İğrenç Borç Örnekleri
İğrenç borcun ardındaki fikir, ilk olarak İspanyol-Amerikan Savaşı'ndan sonra ün kazandı. ABD hükümeti, Küba'nın sömürge yöneticileri olan İspanyol sömürge rejiminin borçlarından Küba'nın sorumlu tutulmaması gerektiğini savundu. İspanya aynı fikirde olmasa da, ABD'nin muzaffer sömürge gücü ile savaştan sonra denizaşırı topraklarından yoksun kalan mağlup İspanyol İmparatorluğu arasındaki güç dengesi nedeniyle, nihayetinde savaş sonrası borçla Küba değil İspanya kaldı.

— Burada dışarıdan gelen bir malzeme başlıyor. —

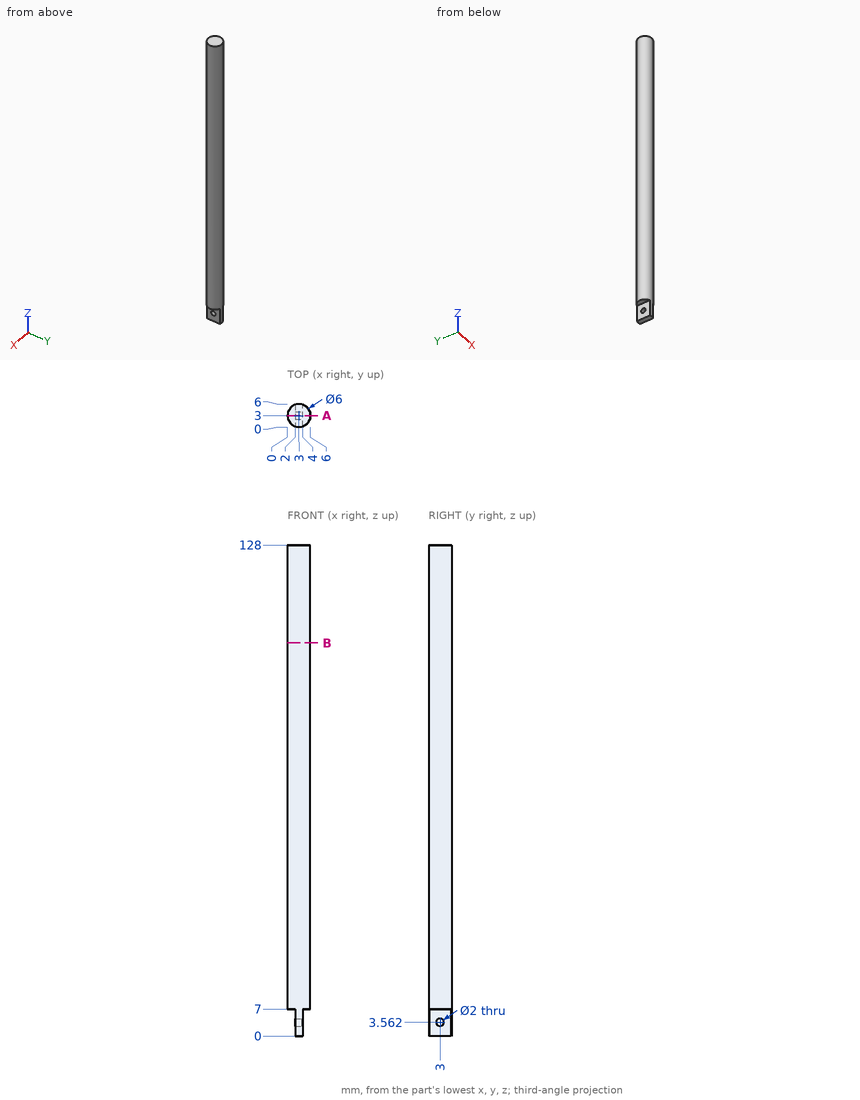
Can you work these out from the drawing? Everything is in mm from the part's minimum corner. Round coordinates to 2 decimals unless told otherwise and drop trailing zeros. Loops run counter-clockwise (first coordinate to the right, second up) from the corner with the lowest first, then second, coordinate; pieces in that order, holes last. Notation, with made-up numbers: (14.5, -40) - (53.5, -40) arc R23 cw to (53.5, -2) - close; hole circle Ø3 at (42, -2). An arc over 180 degrees is marked (long way). One line per question, with ' | ' between items. Start each with the question number.
Q1. Will these pins go through, and if not, where does the flat tip stop? pin 1 (2.5 mm diameter, centred on y = 3, z = 3.56, fed in from -X); pin 2 (1.7 mm diameter, centred on y = 2, z = 3.5, fed in from +X); pin 3 (1 mm diameter, centred on x = 4, z = 47.5, fed in from -Y).
Q2. I want a section at B-B (z = 102.5). Write out the boundary of the cut face in (x, y).
Q3. Please list where these lines run through material, in increasing order: line 1 (Z direction, x = 3.3, y = 3); line 2 (Z direction, x = 5.3, y = 3.35); line 3 (Y direction, x = 2.8, z = 96). Write a range as [from, to].
Q4. I want a section at A-A (y = 3). Write out the boundary of the cut face in (x, z), then the cut area to 3 significant figures.
Response values:
1) pin 1: stops at x = 2 | pin 2: stops at x = 4 | pin 3: stops at y = 0.04
2) outline: circle Ø6 at (3, 3)
3) line 1: z = [0, 2.56], [4.56, 128] | line 2: z = [7, 128] | line 3: y = [0.01, 5.99]
4) outline: (0, 7) - (2, 7) - (2, 4.56) - (4, 4.56) - (4, 7) - (6, 7) - (6, 128) - (0, 128) - close; (2, 0) - (4, 0) - (4, 2.56) - (2, 2.56) - close | area: 736 mm²

İğrenç borç, Nikaragua, Filipinler, Haiti, Güney Afrika, Kongo, Nijer, Hırvatistan, Irak ve önceki yöneticileri ya kişisel olarak kendi hesapları için ulusal fonları yağmalamakla ya da parayı kullanmakla suçlayan diğer ülkelerdeki rejimler tarafından bir argüman olarak gündeme getirildi. özgürlükleri kısıtlamak ve kendi vatandaşlarına şiddet uygulamak. Tüm bu durumlarda, rejim değişikliklerinin ardından eski borcun fiilen çözülmesi veya yeniden yapılandırılması, önerilen tiksindirici borç doktrini yerine jeopolitik ve stratejik değerlendirmeleri izlemiştir.
Örneğin, Güney Afrika'nın apartheid dönemi hükümeti barajlar, enerji santralleri ve diğer altyapıları inşa etmek için uluslararası bankalardan ve yatırımcılardan borç aldı. Afrika Ulusal Kongresi (ANC) 1994'te iktidara geldiğinde, bu borçları devraldı. Başkan Nelson Mandela liderliğindeki halef hükümetin birçok üyesi, önceki rejimin sosyal politikaları nedeniyle bu borçların iğrenç olduğunu savundu.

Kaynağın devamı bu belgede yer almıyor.